Stored records
*-*-*
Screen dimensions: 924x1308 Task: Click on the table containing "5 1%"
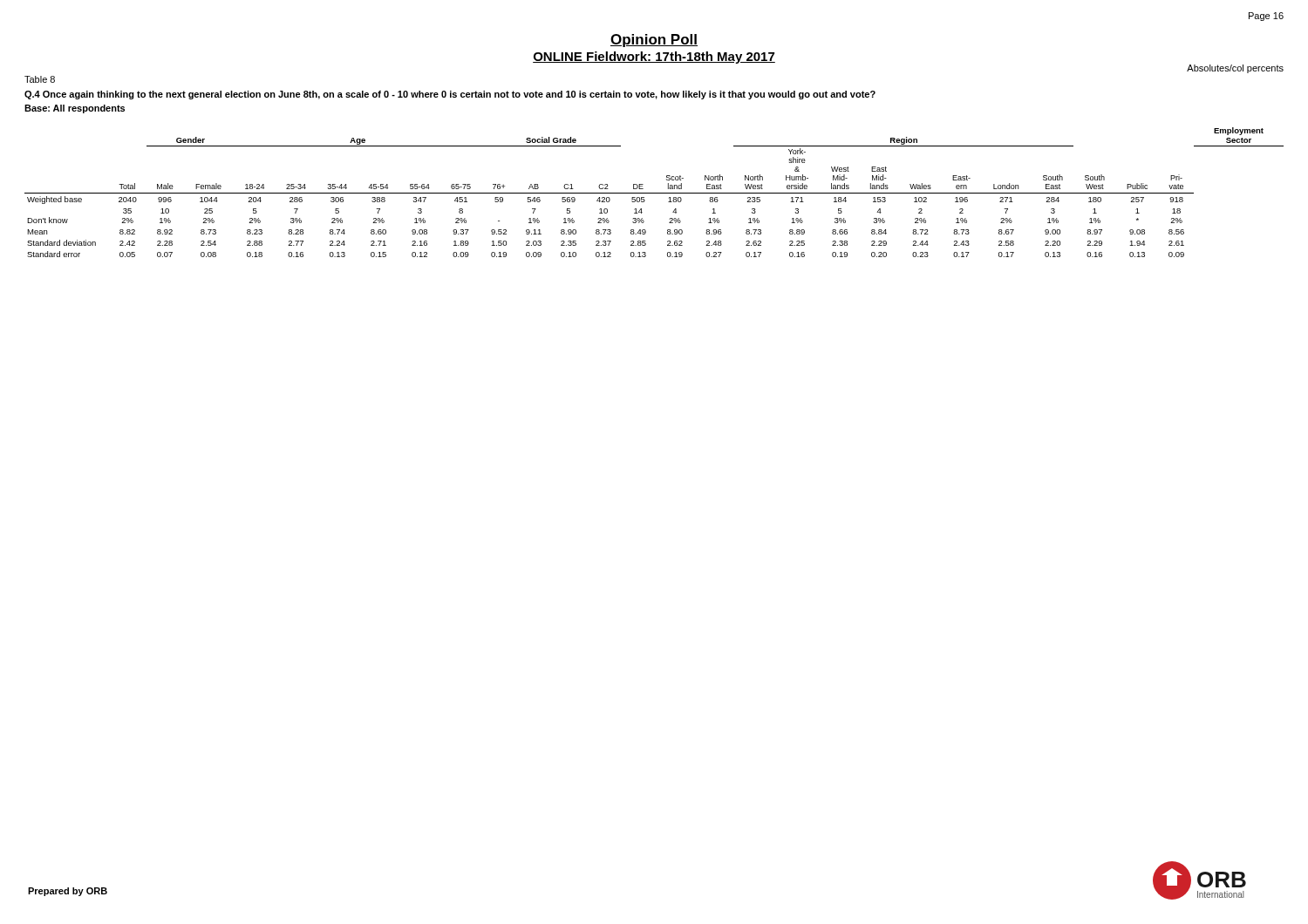pos(654,192)
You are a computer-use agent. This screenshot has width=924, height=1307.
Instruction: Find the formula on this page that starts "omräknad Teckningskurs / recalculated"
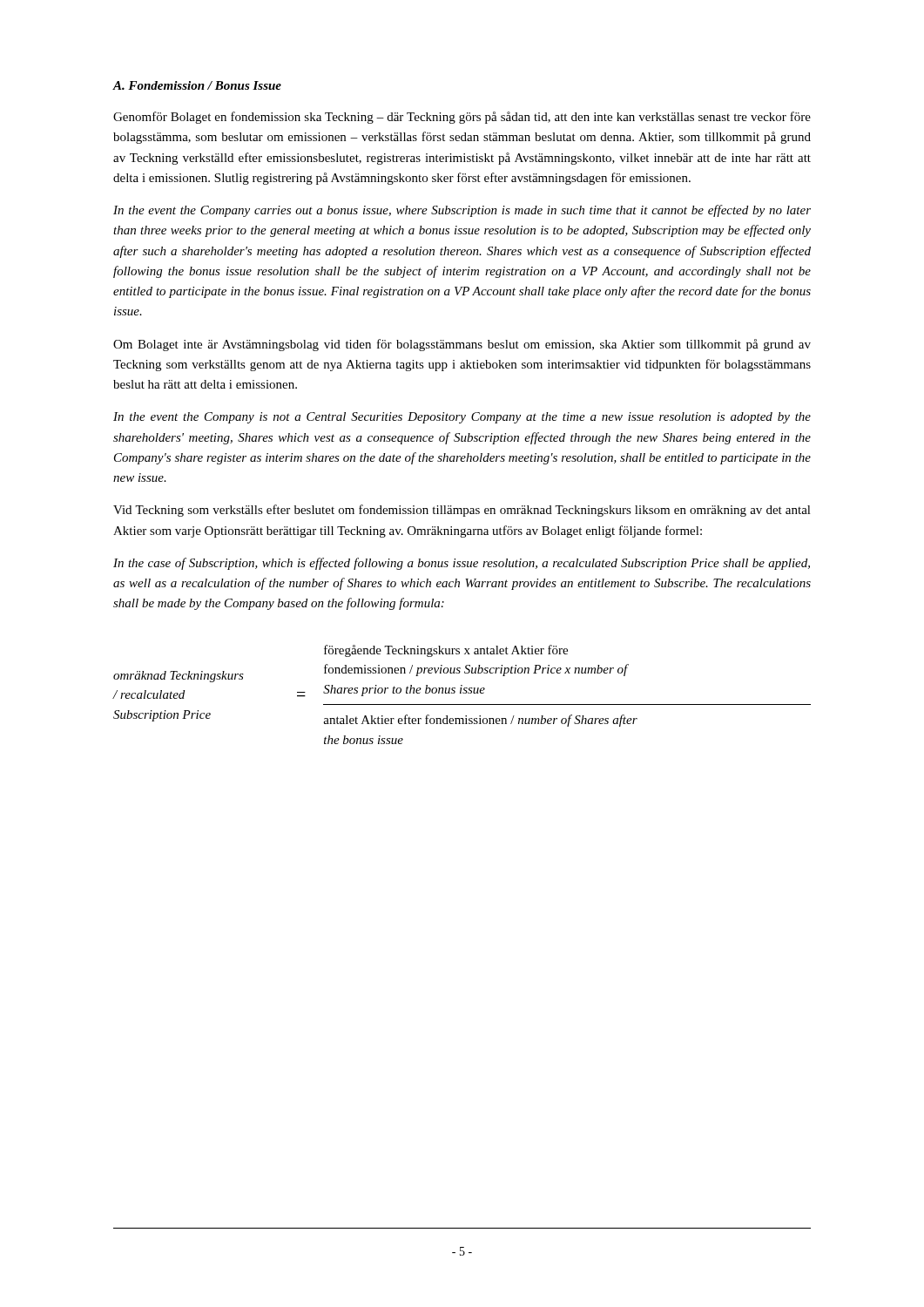click(462, 695)
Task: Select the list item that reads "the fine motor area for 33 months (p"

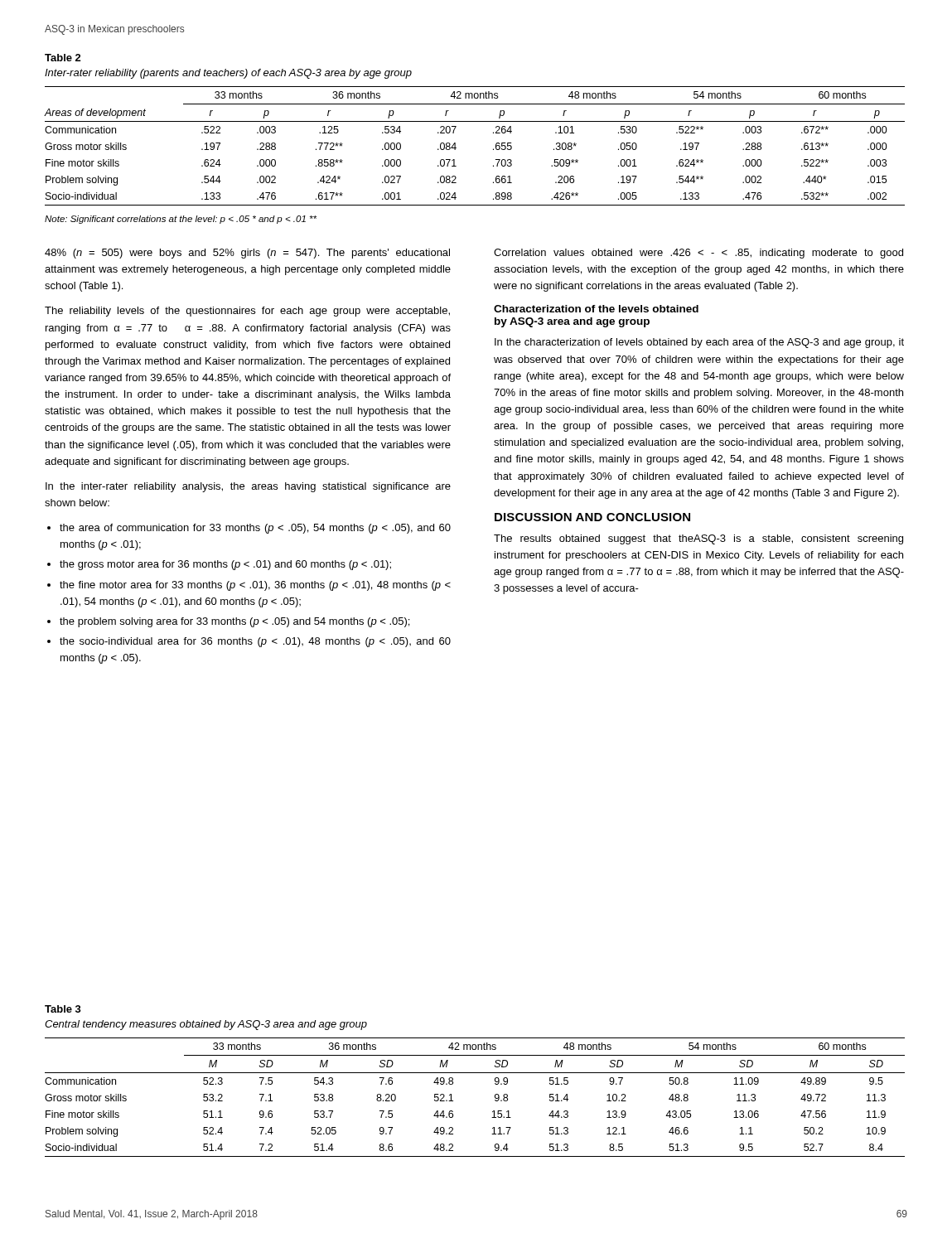Action: 255,593

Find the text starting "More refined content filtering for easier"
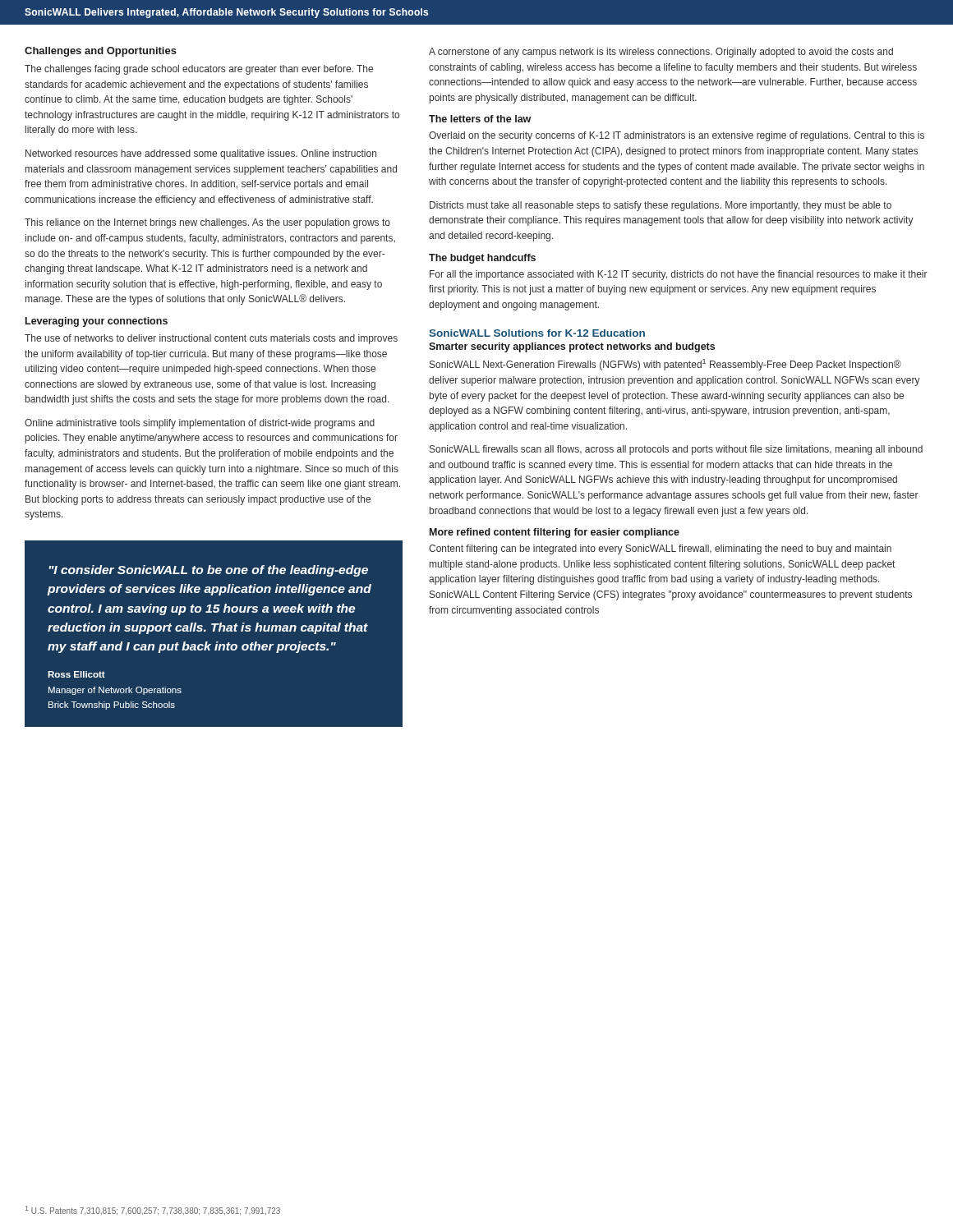pyautogui.click(x=554, y=532)
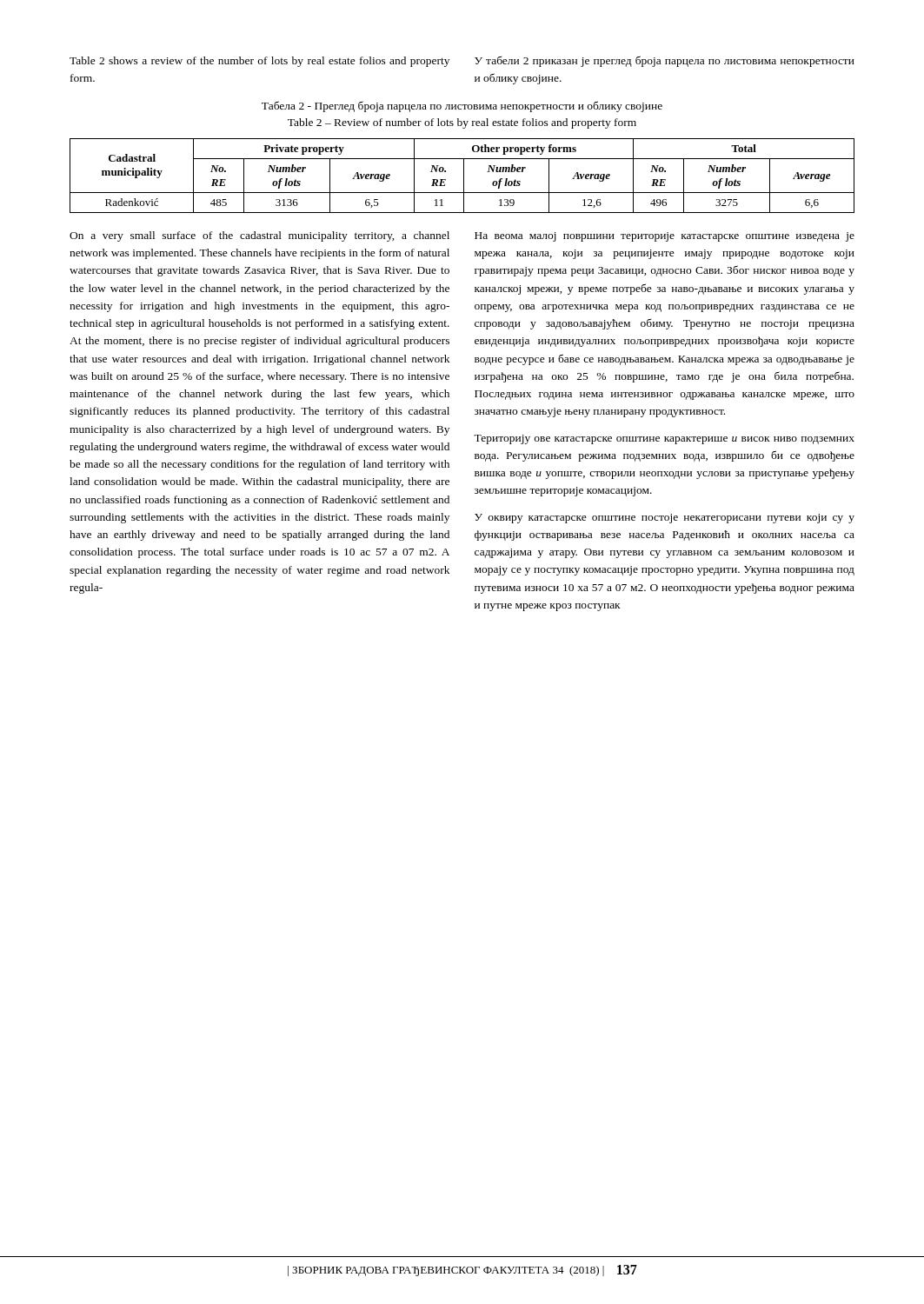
*-*-*
» Action item
This task calls for the lines from the line holding "Task: Select the" through the last line above, restated word for word with both ends included and the pictures dropped.

» Expected answer
Task: Select the list item that reads "the fine motor area for 33 months (p"

Action: 255,593

Find the text starting "More refined content filtering for easier"
pyautogui.click(x=554, y=532)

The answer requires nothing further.